►

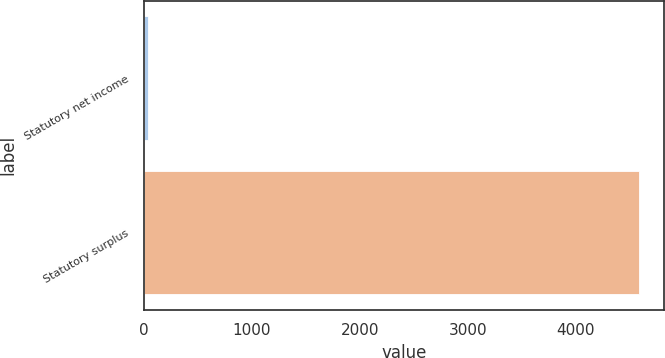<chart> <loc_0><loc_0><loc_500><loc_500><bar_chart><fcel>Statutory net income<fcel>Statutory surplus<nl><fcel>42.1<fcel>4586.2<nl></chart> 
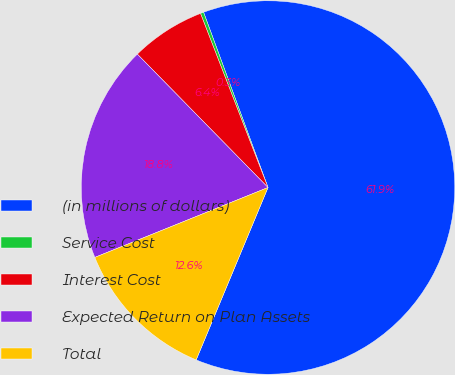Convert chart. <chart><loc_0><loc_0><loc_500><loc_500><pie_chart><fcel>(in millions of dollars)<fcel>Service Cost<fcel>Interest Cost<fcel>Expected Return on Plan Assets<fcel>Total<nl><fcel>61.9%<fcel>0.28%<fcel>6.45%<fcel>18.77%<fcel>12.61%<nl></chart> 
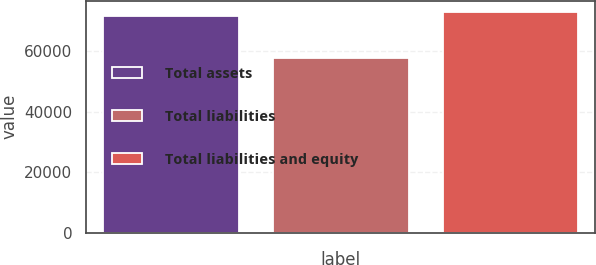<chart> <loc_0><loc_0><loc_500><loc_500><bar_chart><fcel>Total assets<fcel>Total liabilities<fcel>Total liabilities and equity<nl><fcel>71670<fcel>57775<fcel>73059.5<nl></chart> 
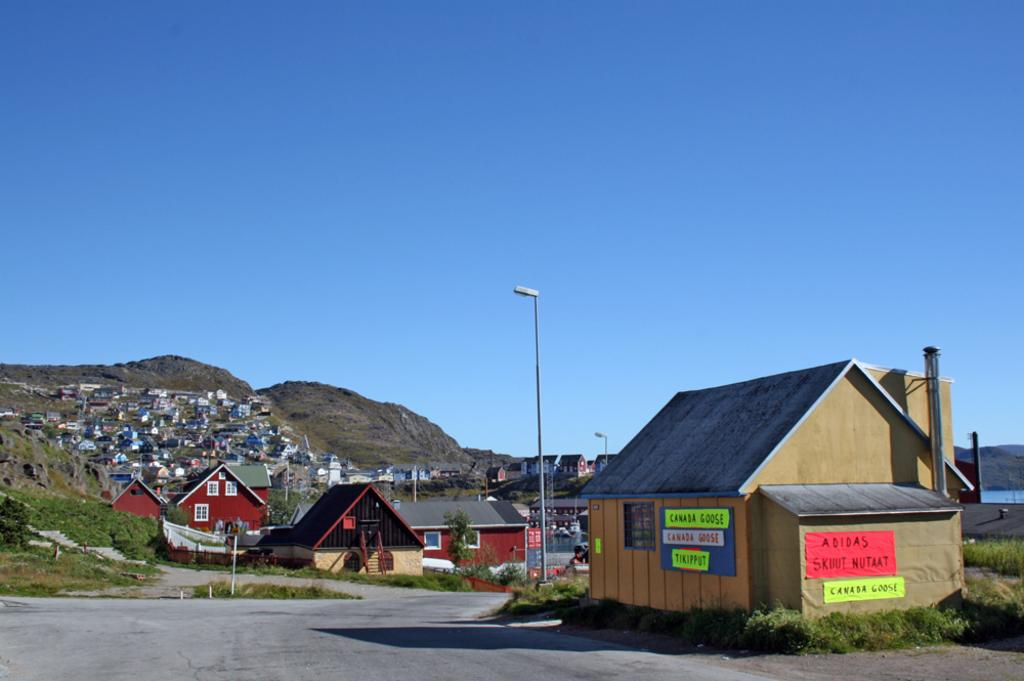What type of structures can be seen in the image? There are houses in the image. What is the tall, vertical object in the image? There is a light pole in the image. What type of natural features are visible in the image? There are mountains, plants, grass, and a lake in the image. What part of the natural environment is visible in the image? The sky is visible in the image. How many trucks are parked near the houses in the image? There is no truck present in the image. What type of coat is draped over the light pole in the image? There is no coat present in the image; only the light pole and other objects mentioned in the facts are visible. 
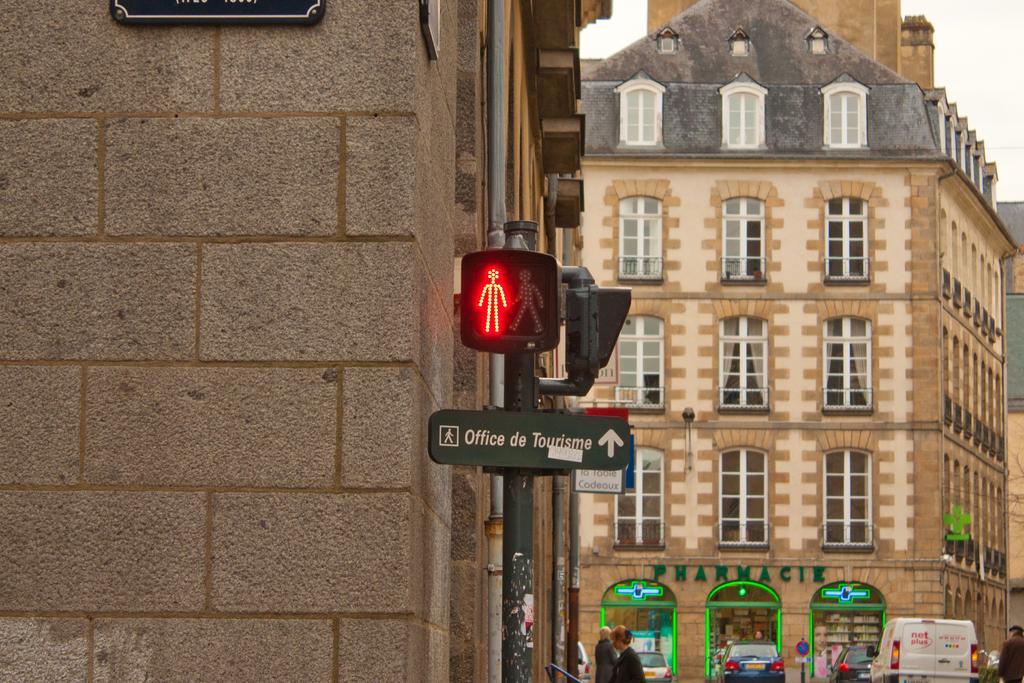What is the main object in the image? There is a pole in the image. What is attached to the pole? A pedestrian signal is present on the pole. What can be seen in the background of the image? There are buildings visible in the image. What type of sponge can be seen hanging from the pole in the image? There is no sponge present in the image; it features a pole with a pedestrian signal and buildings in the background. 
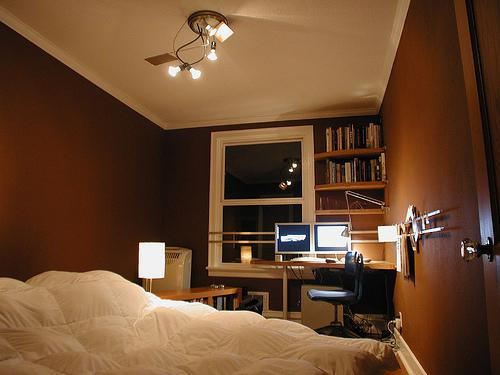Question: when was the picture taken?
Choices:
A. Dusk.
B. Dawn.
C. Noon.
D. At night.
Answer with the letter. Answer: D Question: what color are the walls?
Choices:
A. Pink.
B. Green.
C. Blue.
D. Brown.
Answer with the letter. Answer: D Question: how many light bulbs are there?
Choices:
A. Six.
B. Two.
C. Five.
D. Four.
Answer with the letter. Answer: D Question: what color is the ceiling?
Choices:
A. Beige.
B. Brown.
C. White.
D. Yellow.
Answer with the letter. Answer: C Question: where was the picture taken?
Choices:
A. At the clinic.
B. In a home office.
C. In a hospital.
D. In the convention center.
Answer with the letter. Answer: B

◄
►

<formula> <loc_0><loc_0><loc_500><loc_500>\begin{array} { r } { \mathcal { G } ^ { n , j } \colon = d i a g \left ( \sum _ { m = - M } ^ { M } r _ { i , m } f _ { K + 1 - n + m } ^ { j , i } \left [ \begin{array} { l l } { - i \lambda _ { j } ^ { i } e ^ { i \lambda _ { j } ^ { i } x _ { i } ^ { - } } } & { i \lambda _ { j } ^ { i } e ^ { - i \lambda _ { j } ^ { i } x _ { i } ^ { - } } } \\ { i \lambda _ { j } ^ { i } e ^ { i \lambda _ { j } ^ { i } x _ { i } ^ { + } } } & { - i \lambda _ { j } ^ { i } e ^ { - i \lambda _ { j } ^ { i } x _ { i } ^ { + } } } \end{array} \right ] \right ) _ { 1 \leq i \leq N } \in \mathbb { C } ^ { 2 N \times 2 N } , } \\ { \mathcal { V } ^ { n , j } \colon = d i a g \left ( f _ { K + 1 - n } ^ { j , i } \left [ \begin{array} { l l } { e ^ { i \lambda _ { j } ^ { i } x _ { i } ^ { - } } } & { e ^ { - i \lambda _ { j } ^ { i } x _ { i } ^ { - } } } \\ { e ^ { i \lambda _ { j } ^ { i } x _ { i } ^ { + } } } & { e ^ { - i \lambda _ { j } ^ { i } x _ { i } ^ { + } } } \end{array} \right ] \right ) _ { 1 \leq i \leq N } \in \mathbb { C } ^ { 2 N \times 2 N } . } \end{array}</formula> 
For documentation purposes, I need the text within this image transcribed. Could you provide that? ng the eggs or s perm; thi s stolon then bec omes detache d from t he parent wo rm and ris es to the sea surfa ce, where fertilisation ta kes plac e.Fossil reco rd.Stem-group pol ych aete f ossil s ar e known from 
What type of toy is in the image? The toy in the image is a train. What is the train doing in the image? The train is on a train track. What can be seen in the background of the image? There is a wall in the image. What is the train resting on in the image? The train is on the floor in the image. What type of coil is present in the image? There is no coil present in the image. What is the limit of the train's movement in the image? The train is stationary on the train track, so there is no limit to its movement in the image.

◄
►

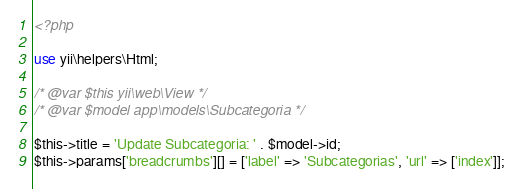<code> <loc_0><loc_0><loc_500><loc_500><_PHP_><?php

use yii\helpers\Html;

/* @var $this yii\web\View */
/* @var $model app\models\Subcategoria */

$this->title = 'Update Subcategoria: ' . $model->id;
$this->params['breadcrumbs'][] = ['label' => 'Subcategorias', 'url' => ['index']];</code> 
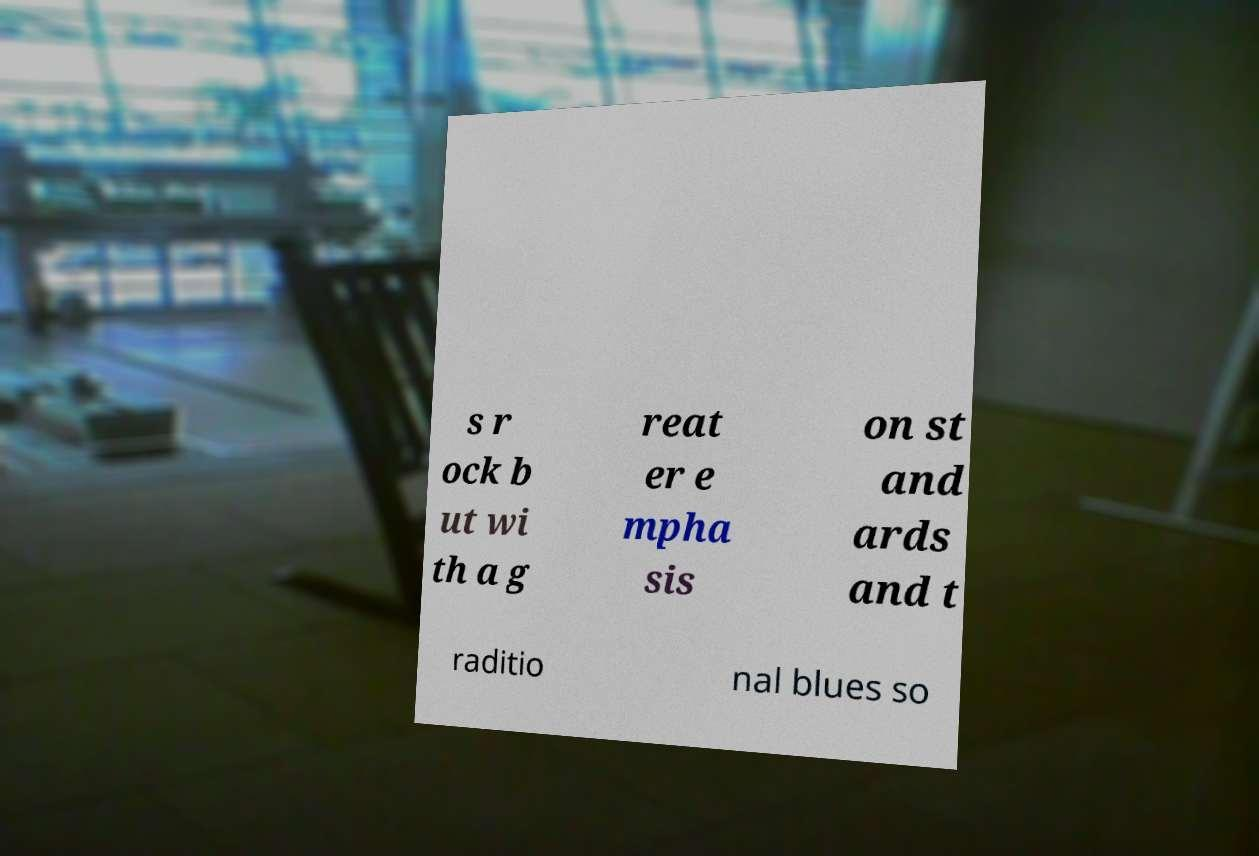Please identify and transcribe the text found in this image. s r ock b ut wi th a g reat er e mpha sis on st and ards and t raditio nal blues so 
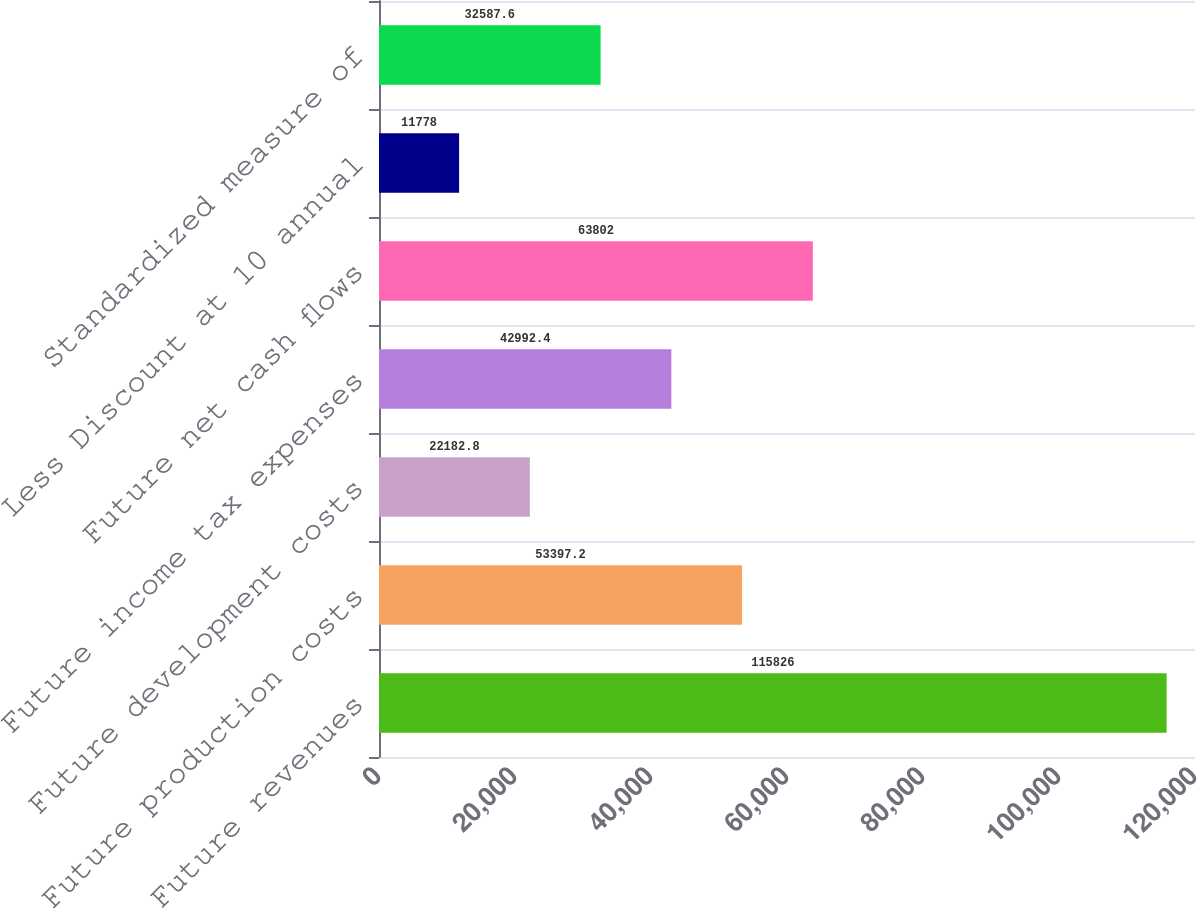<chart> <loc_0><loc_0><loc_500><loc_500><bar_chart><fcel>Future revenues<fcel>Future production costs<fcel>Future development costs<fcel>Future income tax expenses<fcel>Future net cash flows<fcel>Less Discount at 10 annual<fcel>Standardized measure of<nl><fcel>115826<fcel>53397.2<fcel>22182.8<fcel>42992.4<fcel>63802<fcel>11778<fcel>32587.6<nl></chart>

◄

Try it → What are the lines in the records above, word for word, from the one containing "Subcategoria: ' . $model->id;" through the one containing "revenues<fcel>Future production costs<fcel>Future", both ends included and pictures left out?

The completed task →
$this->title = 'Update Subcategoria: ' . $model->id;
$this->params['breadcrumbs'][] = ['label' => 'Subcategorias', 'url' => ['index']];</code> 
Please identify and transcribe the text found in this image. s r ock b ut wi th a g reat er e mpha sis on st and ards and t raditio nal blues so 
<chart> <loc_0><loc_0><loc_500><loc_500><bar_chart><fcel>Future revenues<fcel>Future production costs<fcel>Future development costs<fcel>Future income tax expenses<fcel>Future net cash flows<fcel>Less Discount at 10 annual<fcel>Standardized measure of<nl><fcel>115826<fcel>53397.2<fcel>22182.8<fcel>42992.4<fcel>63802<fcel>11778<fcel>32587.6<nl></chart>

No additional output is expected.